You can do this in Rust too. Unsafe Rust is still Rust.


You can, although they're pretty keen on discouraging you from pointing this particular gun at your feet, e.g. ptr.with_addr() can't achieve this on its own because it wants a NonZeroUsize, so first you need to make a NonZeroUsize that's actually zero. But yes, you can write that in unsafe Rust and now your program has Undefined Behaviour.

In contrast all the routes I suggested for C# aren't unsafe, aren't even flagged as "Be super careful here, dragons ahead" because the C# attitude is that every single C# function is responsible for explicitly doing its own null checks if they're needed.


You're right, idiomatic C# will have usually way more nulls than idiomatic Rust.


C#'s null safety is not sound. There are situations where even a fully annotated program without reflection, code generation, unsafe or other tricks will crash of a null pointer exception:

https://docs.microsoft.com/en-us/dotnet/csharp/nullable-refe...


I’m not familiar with C#, so I probably should not have included it. But Kotlin, Scala 3 (with a compiler flag) and even Java with static analysis should be sound, if I’m not mistaken.


Rust has null pointers (which is why it has a function to make a null pointer). But Rust's references, which you use all the time in safe Rust, cannot be "null". As a result Option<&Thing> is the same size as a pointer to Thing, because under the hood the all-zeroes address value is None, other values are Some(address of Thing) but as the programmer you don't need to care how this works, the type system has your back.

You can't do much with a pointer unless you use unsafe Rust. So this provides an easy to see red line for inexperienced developers. "Huh, this is unsafe, I need a grown up".
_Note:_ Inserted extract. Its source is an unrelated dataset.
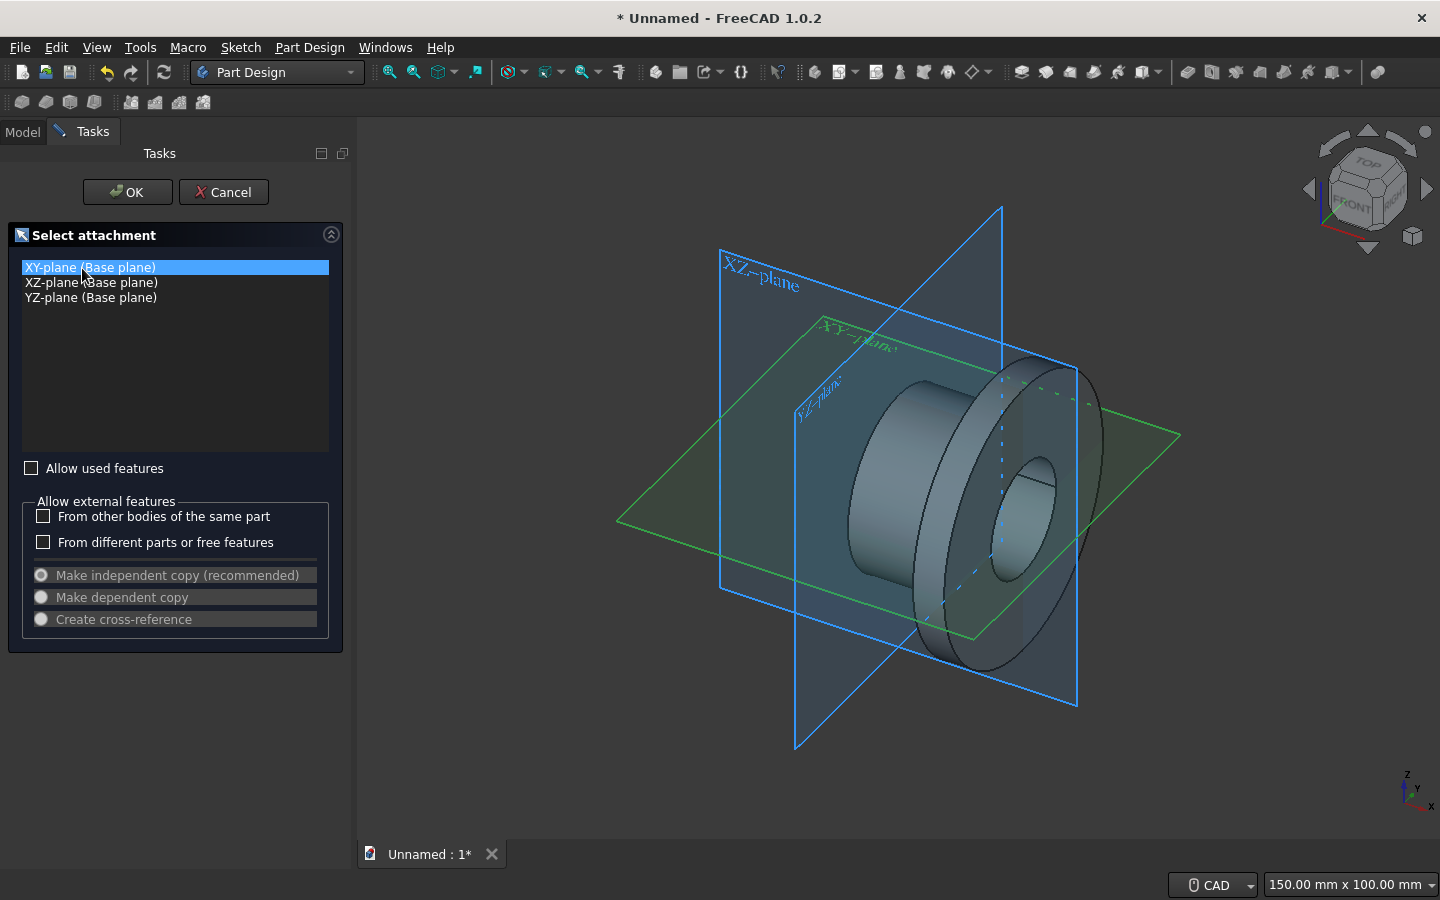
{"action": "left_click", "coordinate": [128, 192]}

The affordances for Option<Thing> are - in my biased but experienced opinion after similar time with both languages - superior to those on a nullable type like Thing? in C#. Partly that's historical, Rust has always had Option<Thing> while C# originally had nothing like this, grew nullable value types in a subsequent version and then much more recently got nullable reference types.

The technical mechanism is also much weaker in C#. Suppose a junior dev pastes a Stack Overflow answer in to fix the weird compile error they have. In Rust, if the pasted code is doing something awful with pointer mangling that's unsafe and hopefully your review is like "WTF is this code unsafe?" but in C# maybe there's a null-forgiving operator smuggled in somewhere or some tricks with casting, and now your "Never use null parameters" function is being called with a null parameter. If you complain, Microsoft's C# support will comfort you by explaining that all C# functions are responsible for null checking, even if their signature explicitly says they don't accept null parameters, they need to actually write the checks explicitly, yes this costs at runtime as well as making the code messier with redundant checks everywhere, too bad.

Maybe Kotlin is better? But my guess is that in the JVM ecosystem it's not able to actually deliver better.